Induction - Preparing For Birth Manual


Being overdue is very common, especially with your first baby, so relax and don’t worry. Only 5% of babies are born on their due date. Interestingly, world-famous obstetrician, Michel Odent says, “Any induction, natural or medical, is asking the baby to come out before he or she is ready.” However, under current medical practice, obstetricians like to start a medical induction at around 40 weeks and 10 days. This is because research shows placenta function starts to deteriorate from this point and there is increased risk by day 14 of it becoming less efficient and even failing.

Things to do to encourage labour naturally:

• Walking / circling - moving your pelvis to stimulate the baby moving down and connecting with your cervix.

• Raspberry Leaf Tea - up to 8 weeks prior to your due date - will strengthen the uterus and can soften the cervix. This herbal remedy may have contraindications for some women, e.g. if there has been a previous premature labour; low lying placenta; renal issues; VABC and more - thus it is recommended if this is something you are interested in trying, to seek best advise from a qualified herbalist practitioner.

• Have sex / make love! Semen contains a prostaglandin, which stimulates the cervix. It took oxytocin to make the baby – it takes the same hormone to birth them too.

• If things start to happen but not move forward very quickly and you (and your midwife) feel its time to encourage things along, try cuddling your partner and getting a bit intimate. The aim is to stimulate oxytocin to increase, and this happens when nipples are stimulated.

• Go quite, dim the lights, be still - let baby know all is well and safe - it is nature’s way of helping women give birth in safe environments. Relax!

• Water / bath / aromatherapy - all aid relaxation and calm.

• Eat hot, spicy food. Capsaicin in chilli peppers stimulates endorphins and chilies can stimulate labour.

• Acupuncture or reflexology can help, as can homeopathic remedies.

• Aromatherapy, such as jasmine promotes/makes contractions, among others such as Clary Sage and Rosemary, however it has been seen that women use ‘everything’ even when already contracting, or even when having a hormone pessary to artificially stimulate contractions - this may not really be great, as can lead to overstimulation. Best to discuss with your midwife, as many are being trained in the use of Aromatherapy to help women in labour.

• Pulsatilla 6c to progress labour and Caullpphyllum to start it - consult a qualified specialist.

NOTE: 60% of babies are born on or just after day 10, so might be worth encouraging discussion with the midwife on induction for day 11 or 12 instead (4% come on their due date!). This includes having sweeps.

Stages of Medical Induction:

There may be some circumstances which mean women are invited in for an induction earlier than full term - for example, if she has gestational diabetes, high blood pressure or obstetric cholestasis (OC) or is deemed at high risk for any other reason. Or inductions are offered when it is a thought that the baby has ‘gone overdue’ - and labour has not started spontaneously yet.

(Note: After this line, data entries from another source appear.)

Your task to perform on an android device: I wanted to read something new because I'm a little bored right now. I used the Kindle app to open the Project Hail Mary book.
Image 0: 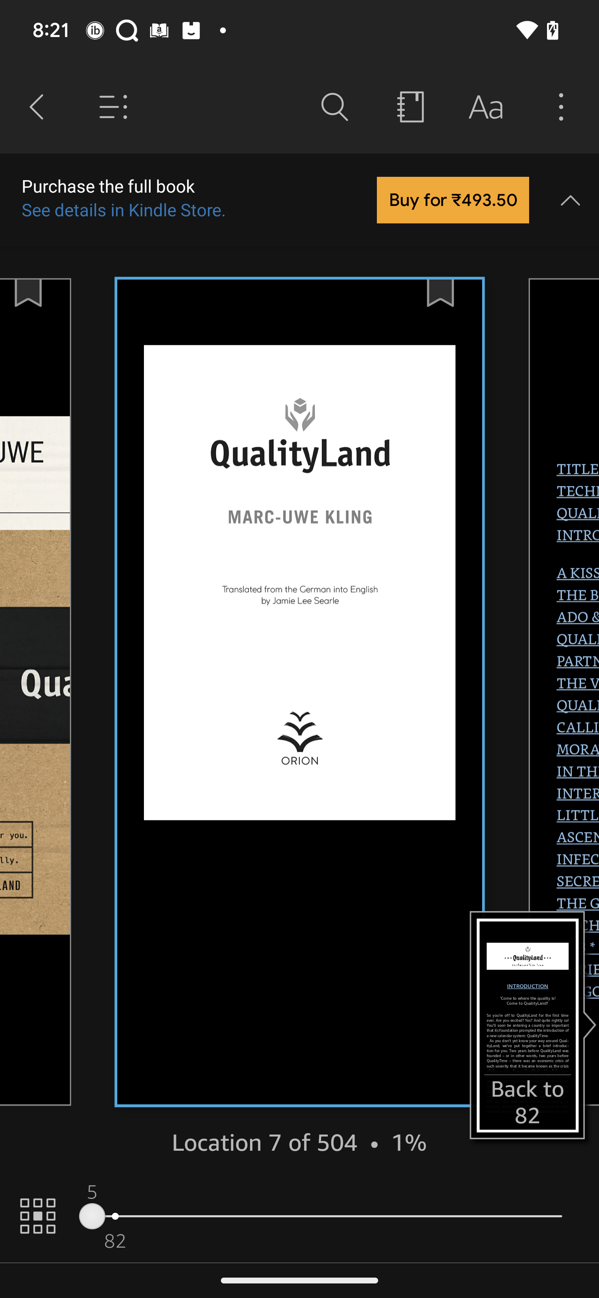
Go back to the previous page
Step 0: press back button
Image 1: 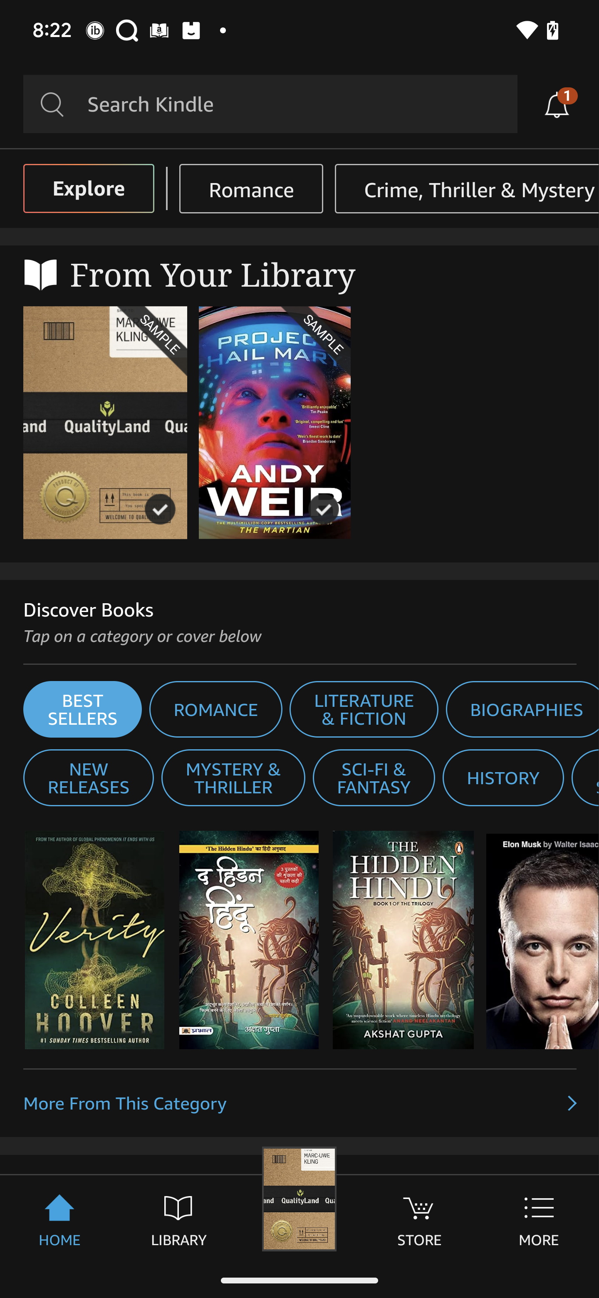
Click on the search bar at the top of the screen
Step 1: click (150, 104)
Image 2: 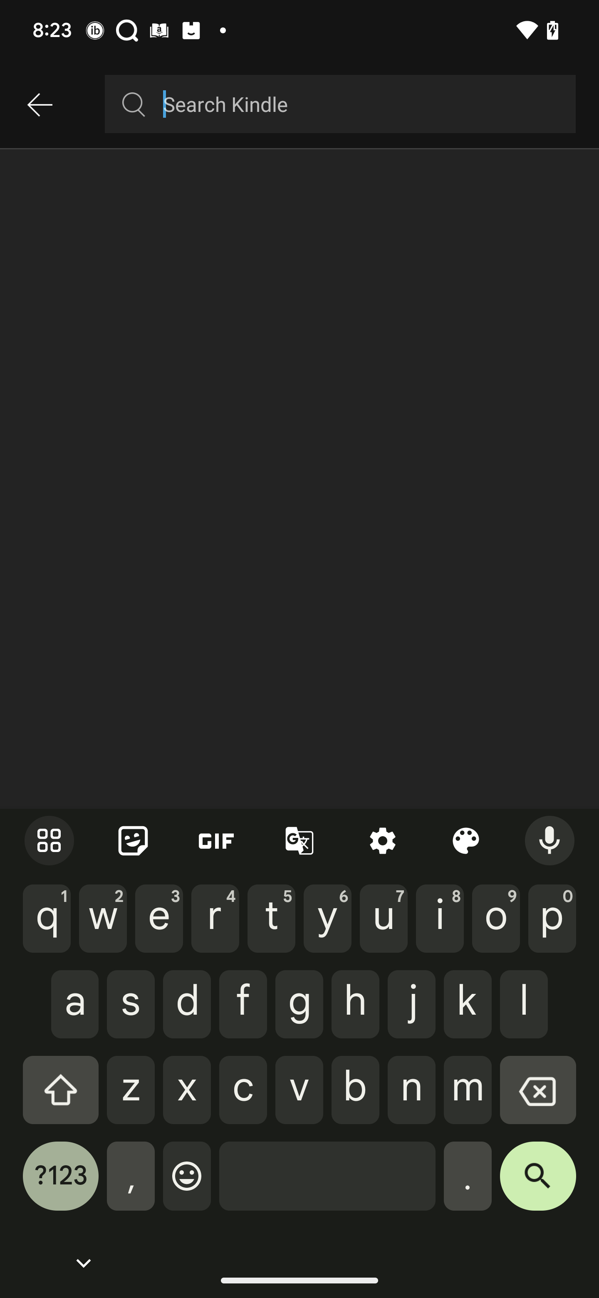
Type Project Hail Mary in the search bar
Step 2: type "Project Hail Mary"
Image 3: 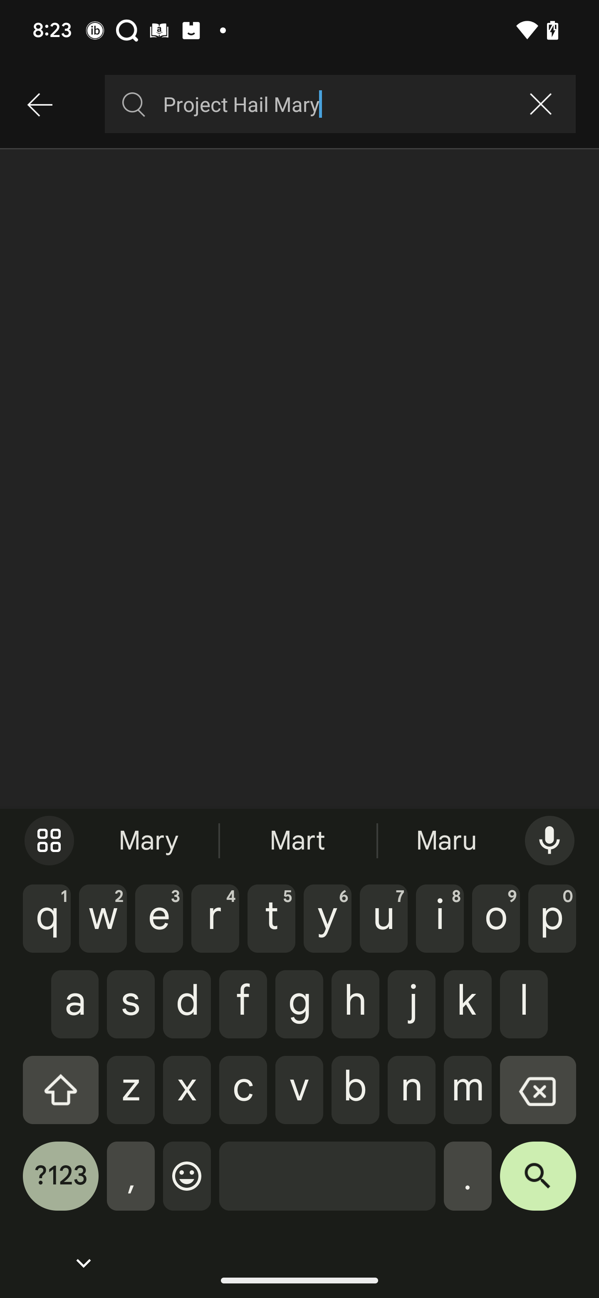
Click on the search icon on the keyboard
Step 3: click (538, 1184)
Image 4: 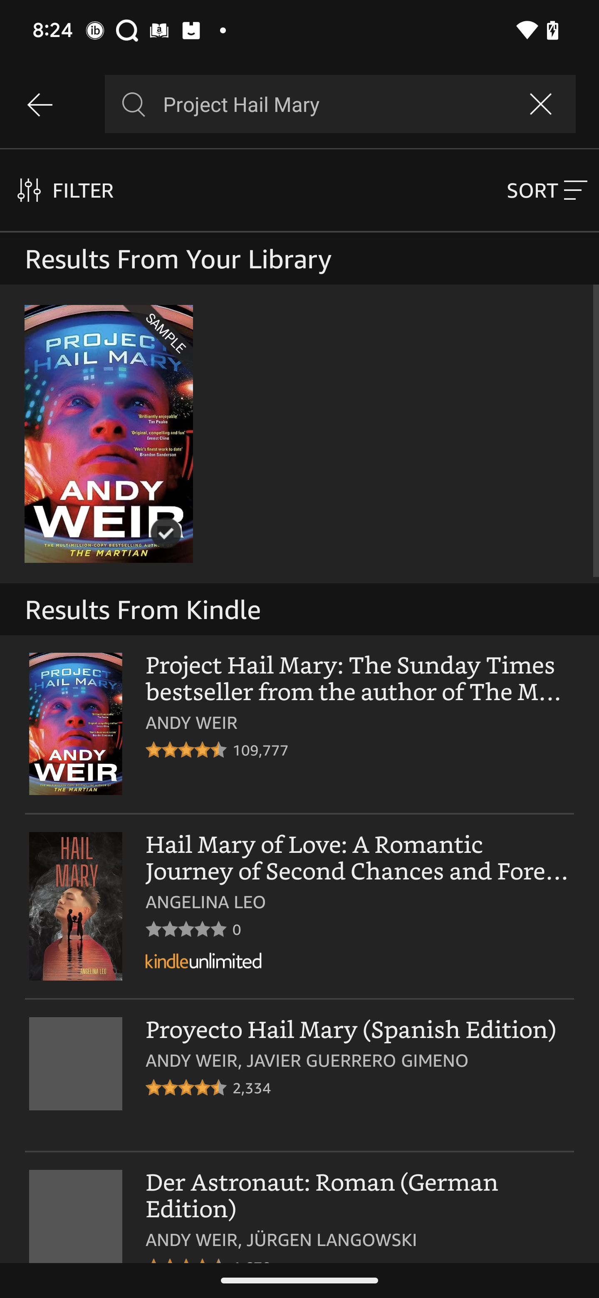
Click on the suggested book
Step 4: click (109, 433)
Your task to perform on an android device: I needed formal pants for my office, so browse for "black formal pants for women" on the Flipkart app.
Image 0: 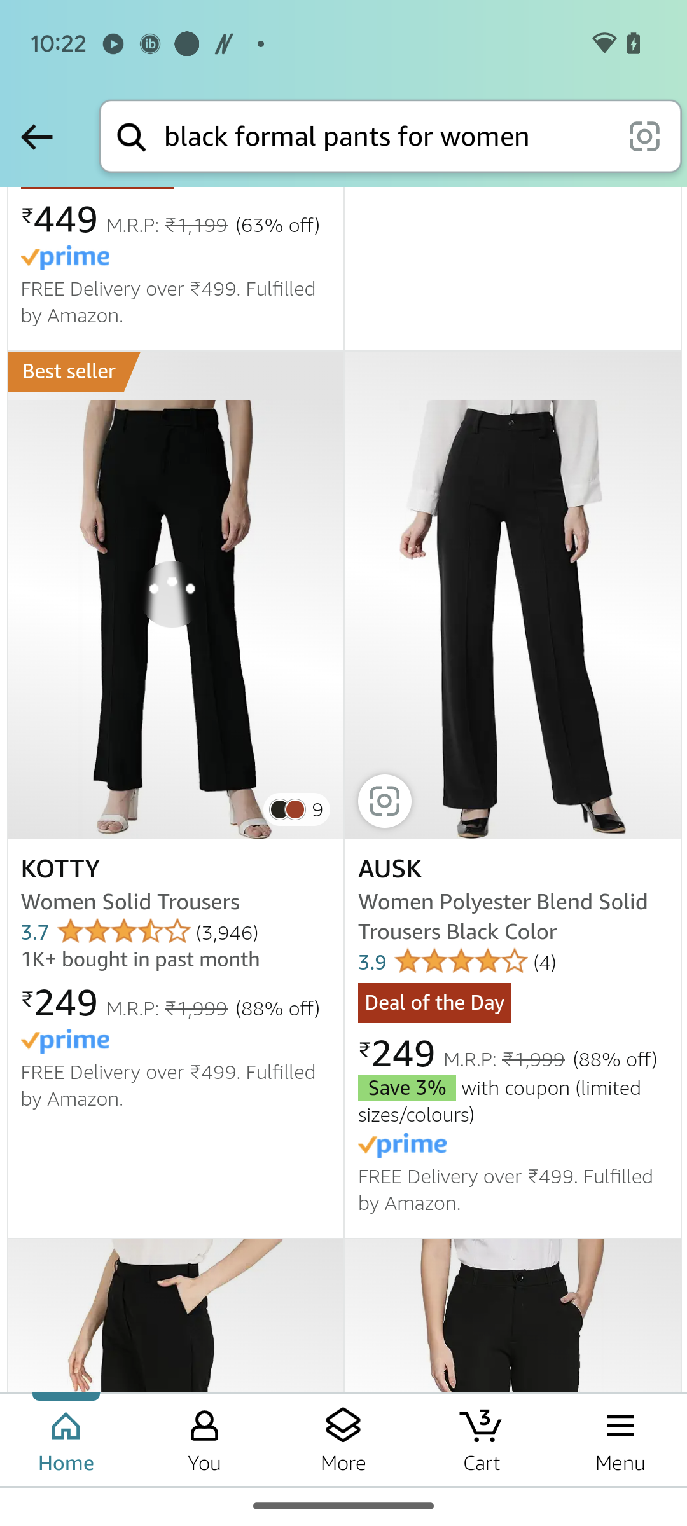
Open the Flipkart app.
Step 0: open app "Flipkart"
Image 1: 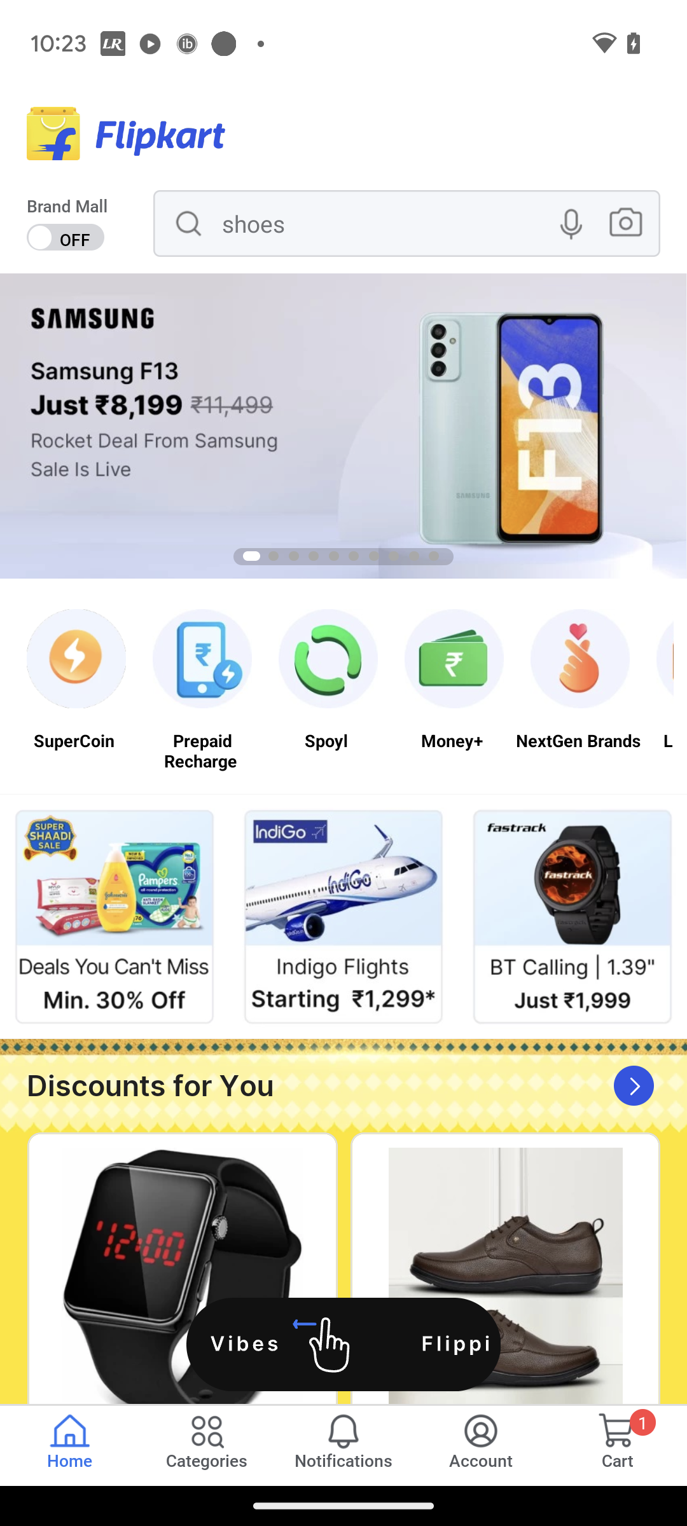
Click on the search box.
Step 1: click (386, 223)
Image 2: 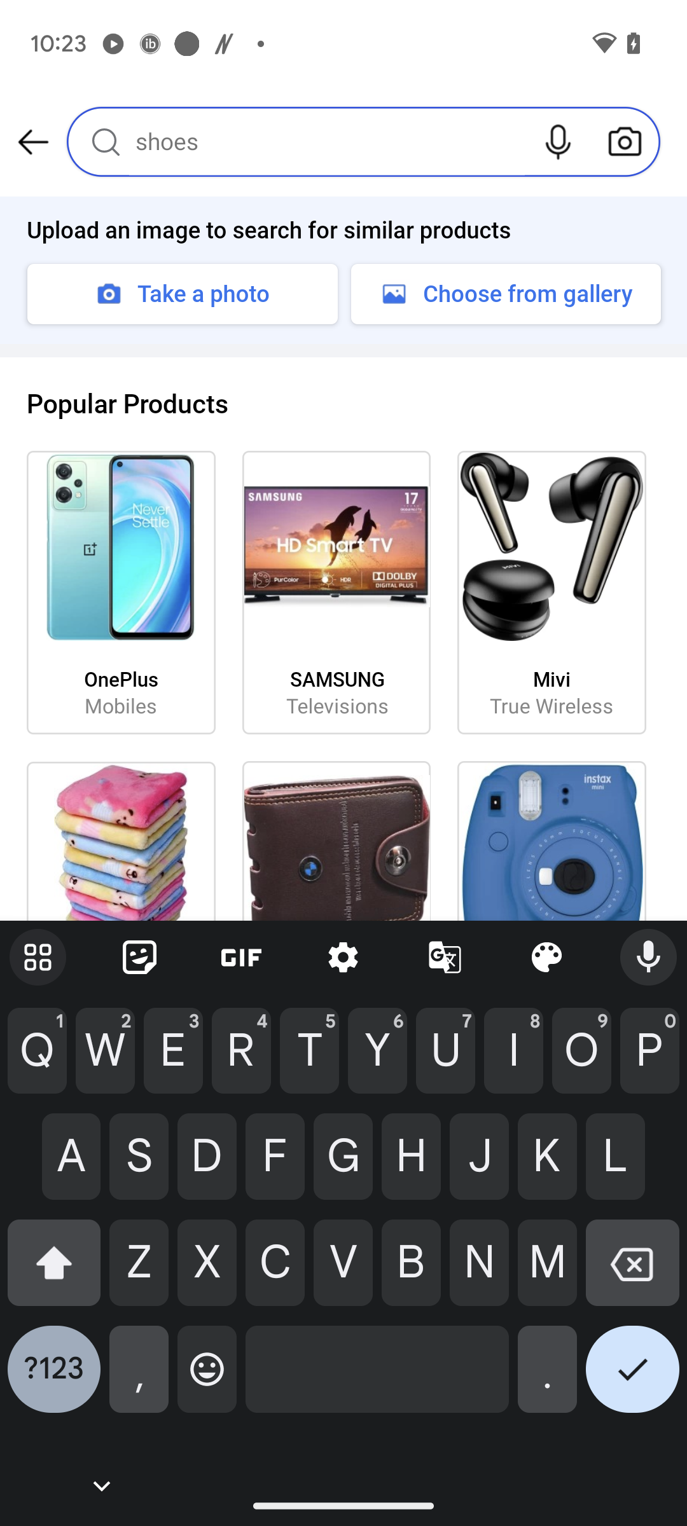
Type "black formal pants for women" in the search box.
Step 2: type "black formal pants for women"
Image 3: 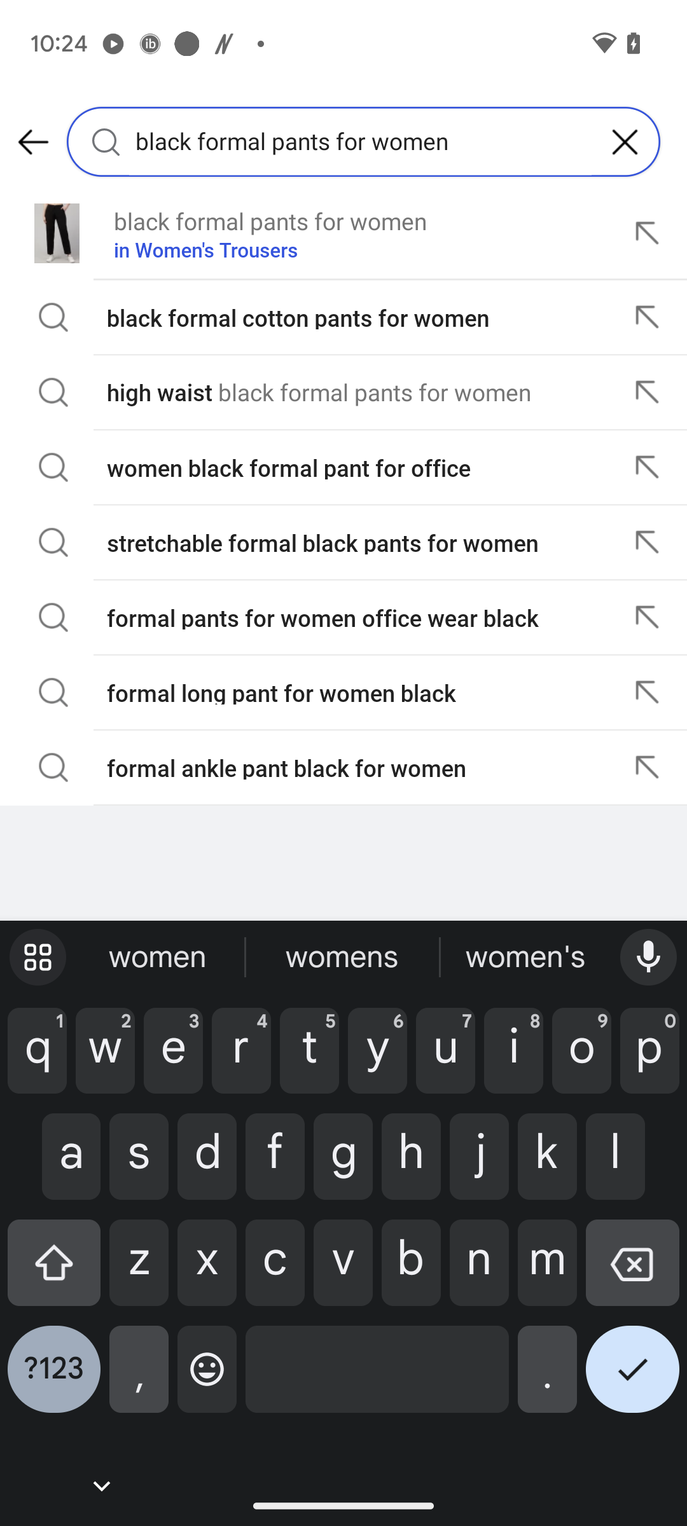
Click on the  right tick icon at the bottom right corner of the keyboard
Step 3: click (632, 1379)

A medical induction can lead to a higher incidence of interventions and assisted births, however, there are births that proceed smoothly with little intervention and lead to vaginal deliveries as well, following induction. Offering or having inductions because of risks of having bigger babies or going overdue can be a contentious issue and is the topic of much debate in the profession. It is something each expectant mother needs to weigh up for themselves and discuss with their midwife and health-care team.

A medical induction involves the following steps:

A woman may be offered a sweep - this is to assess the softness of the cervix and to see if it has dilated at all yet. If it has a little bit, then the midwife can sweep her fingers in a circle around the inside of the cervix. This is said to stimulate the area and can trigger labour. This can be offered up to three times and happens in your local midwife clinic in the community. If the cervix is not ready and has not softened or opened yet, then a sweep cannot be done. Patience can be encouraged - or you can move onto the next step.

A pessary - can be offered. This is rather like a tampon with a hormone which releases and would be inserted into the vagina to sit next to the cervix. The hormones then stimulate the area and can trigger labour. This can be down twice, usually in the hospital. Once it’s in, in some areas of the country, mums can go home to rest and it is expected that spontaneous labour with begin within 24hours, upon which mum is requested to come back to hospital to give birth - the idea being that there has been some intervention so some monitoring may be required. This can put plans of a home birth out of the window. If labour does not begin, mum is invited back in.

Breaking the waters - once the cervix has opened a little bit, then a women may be offer to have her waters broken. S small instrument is inserted into the vagina and through the cervix to make a small tear in the sac which contains the amniotic fluid. Releasing the fluid can stimulate labour as it can help the baby press down onto the cervix. This would only happen in the hospital and it would be expected that labour commences within 2-4 hours. If this does not happen we move to the next step.

A hormone drip - this artificial (similar to oxytocin) hormone will stimulate contractions and begin labour - if this does not happen a caesarian will be needed.

At every stage your midwife will be on hand to discuss through your options and the next steps. Be sure to discuss any questions or concerns you have with her and perhaps use B.R.A.I.N to make your decisions.